(Entries shown)

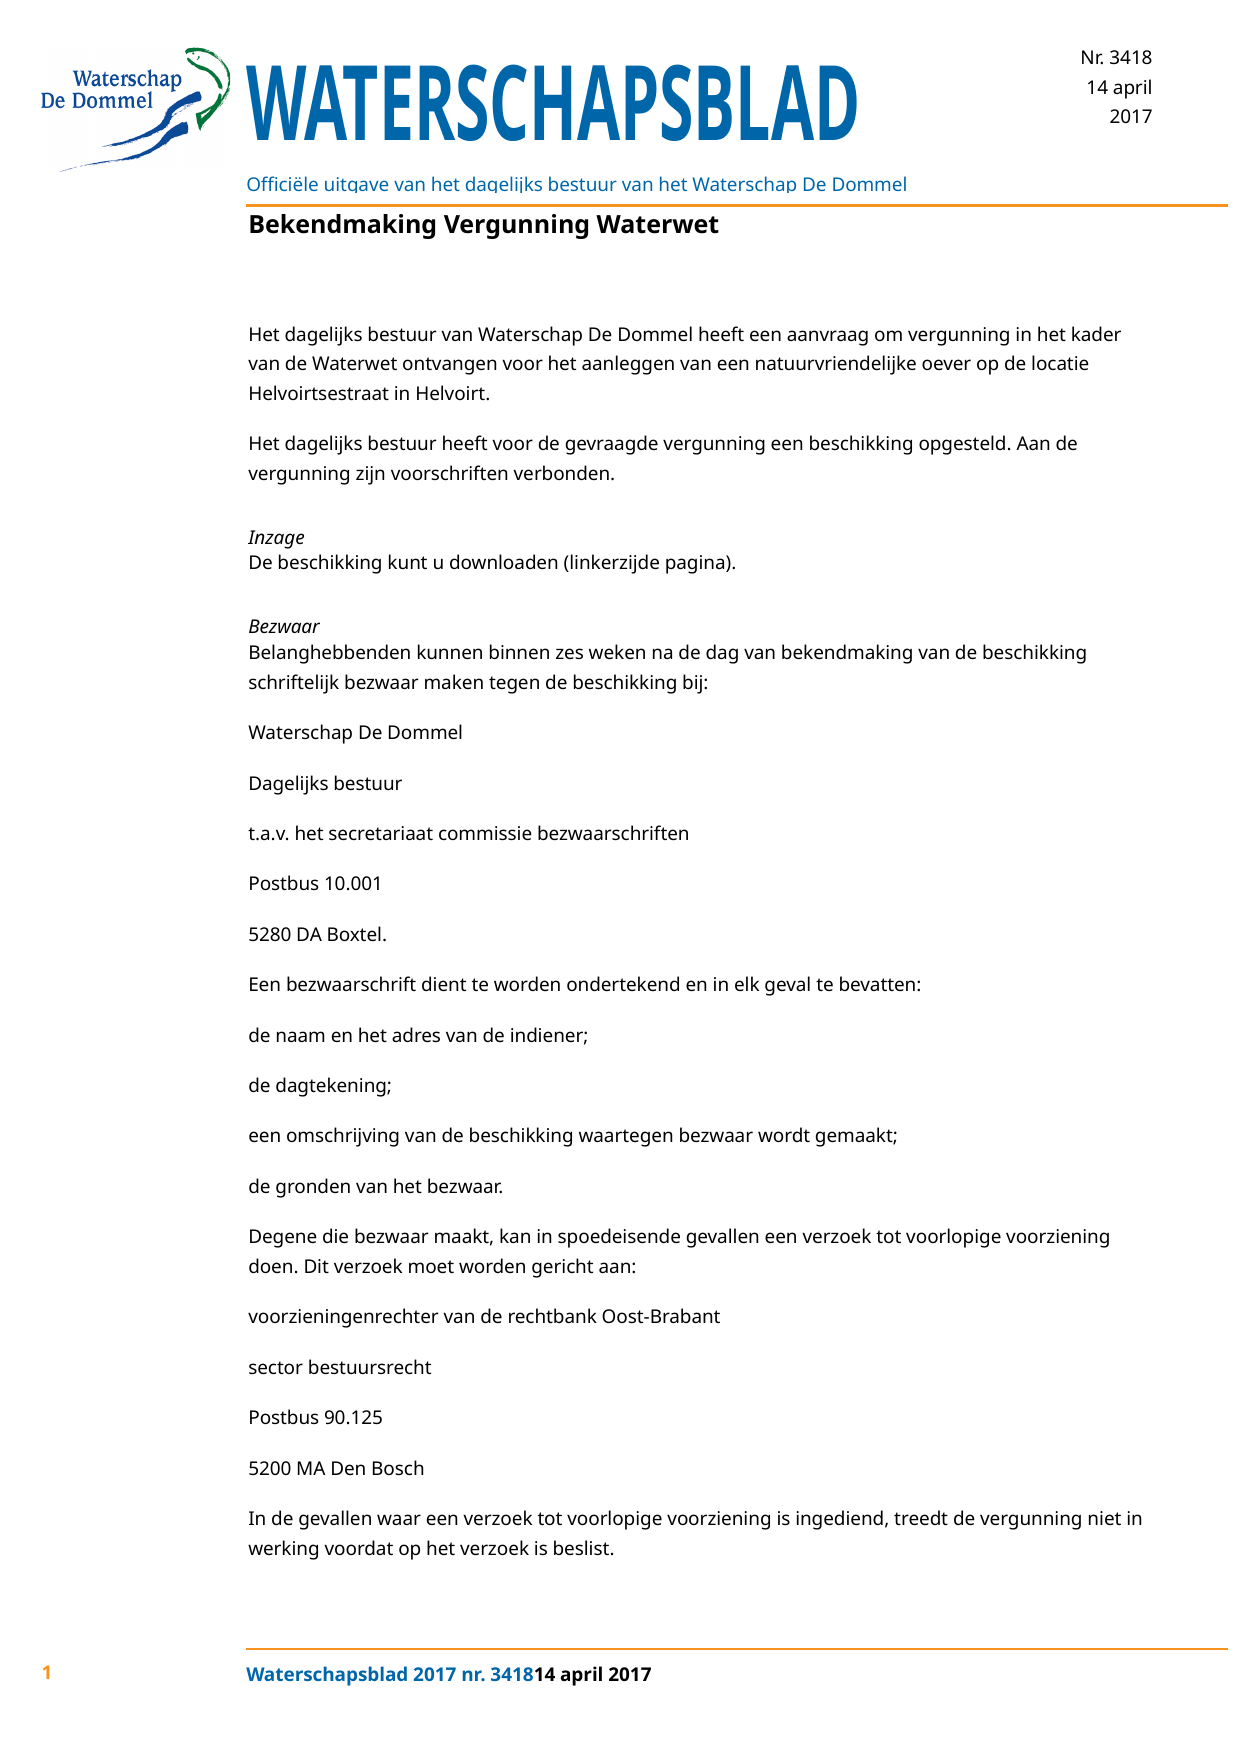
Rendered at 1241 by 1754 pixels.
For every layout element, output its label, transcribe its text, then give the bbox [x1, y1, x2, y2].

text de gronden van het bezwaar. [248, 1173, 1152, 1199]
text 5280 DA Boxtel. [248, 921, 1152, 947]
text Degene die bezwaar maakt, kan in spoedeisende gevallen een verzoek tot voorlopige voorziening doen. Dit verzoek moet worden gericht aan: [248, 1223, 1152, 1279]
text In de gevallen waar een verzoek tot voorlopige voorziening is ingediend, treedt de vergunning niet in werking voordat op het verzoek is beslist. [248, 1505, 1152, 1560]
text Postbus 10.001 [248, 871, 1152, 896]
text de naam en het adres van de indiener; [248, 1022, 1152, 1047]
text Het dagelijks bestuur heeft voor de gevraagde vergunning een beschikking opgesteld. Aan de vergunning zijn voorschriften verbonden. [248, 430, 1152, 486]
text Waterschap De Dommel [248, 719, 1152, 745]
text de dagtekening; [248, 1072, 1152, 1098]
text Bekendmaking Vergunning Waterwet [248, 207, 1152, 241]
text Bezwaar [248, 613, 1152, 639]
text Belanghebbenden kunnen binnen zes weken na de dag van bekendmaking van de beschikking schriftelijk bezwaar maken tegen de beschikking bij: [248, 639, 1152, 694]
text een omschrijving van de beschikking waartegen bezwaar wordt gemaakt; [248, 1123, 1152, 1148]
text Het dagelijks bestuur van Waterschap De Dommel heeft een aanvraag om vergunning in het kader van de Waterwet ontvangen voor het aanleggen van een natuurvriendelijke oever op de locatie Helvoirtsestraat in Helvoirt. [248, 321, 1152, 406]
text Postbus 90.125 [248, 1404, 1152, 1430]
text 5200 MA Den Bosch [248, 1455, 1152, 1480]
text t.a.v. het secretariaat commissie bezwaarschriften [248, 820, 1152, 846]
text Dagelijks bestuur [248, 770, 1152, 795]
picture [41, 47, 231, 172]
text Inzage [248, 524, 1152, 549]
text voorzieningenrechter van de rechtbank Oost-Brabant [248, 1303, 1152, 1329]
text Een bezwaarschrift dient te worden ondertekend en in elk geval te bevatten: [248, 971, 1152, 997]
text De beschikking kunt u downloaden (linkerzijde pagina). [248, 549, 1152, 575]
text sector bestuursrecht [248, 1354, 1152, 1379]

(End Entries shown)

== Problem to work on ==
All of the entries above need to be transcribed exactly, except for the pictures.

== Task answer ==
Rendered at 1241 by 1754 pixels.
For every layout element, output its label, transcribe its text, then give the bbox [x1, y1, x2, y2].

text de gronden van het bezwaar. [248, 1173, 1152, 1199]
text 5280 DA Boxtel. [248, 921, 1152, 947]
text Degene die bezwaar maakt, kan in spoedeisende gevallen een verzoek tot voorlopige voorziening doen. Dit verzoek moet worden gericht aan: [248, 1223, 1152, 1279]
text In de gevallen waar een verzoek tot voorlopige voorziening is ingediend, treedt de vergunning niet in werking voordat op het verzoek is beslist. [248, 1505, 1152, 1560]
text Postbus 10.001 [248, 871, 1152, 896]
text de naam en het adres van de indiener; [248, 1022, 1152, 1047]
text Het dagelijks bestuur heeft voor de gevraagde vergunning een beschikking opgesteld. Aan de vergunning zijn voorschriften verbonden. [248, 430, 1152, 486]
text Waterschap De Dommel [248, 719, 1152, 745]
text de dagtekening; [248, 1072, 1152, 1098]
text Bekendmaking Vergunning Waterwet [248, 207, 1152, 241]
text Bezwaar [248, 613, 1152, 639]
text Belanghebbenden kunnen binnen zes weken na de dag van bekendmaking van de beschikking schriftelijk bezwaar maken tegen de beschikking bij: [248, 639, 1152, 694]
text een omschrijving van de beschikking waartegen bezwaar wordt gemaakt; [248, 1123, 1152, 1148]
text Het dagelijks bestuur van Waterschap De Dommel heeft een aanvraag om vergunning in het kader van de Waterwet ontvangen voor het aanleggen van een natuurvriendelijke oever op de locatie Helvoirtsestraat in Helvoirt. [248, 321, 1152, 406]
text Postbus 90.125 [248, 1404, 1152, 1430]
text 5200 MA Den Bosch [248, 1455, 1152, 1480]
text t.a.v. het secretariaat commissie bezwaarschriften [248, 820, 1152, 846]
text Dagelijks bestuur [248, 770, 1152, 795]
picture [41, 47, 231, 172]
text Inzage [248, 524, 1152, 549]
text voorzieningenrechter van de rechtbank Oost-Brabant [248, 1303, 1152, 1329]
text Een bezwaarschrift dient te worden ondertekend en in elk geval te bevatten: [248, 971, 1152, 997]
text De beschikking kunt u downloaden (linkerzijde pagina). [248, 549, 1152, 575]
text sector bestuursrecht [248, 1354, 1152, 1379]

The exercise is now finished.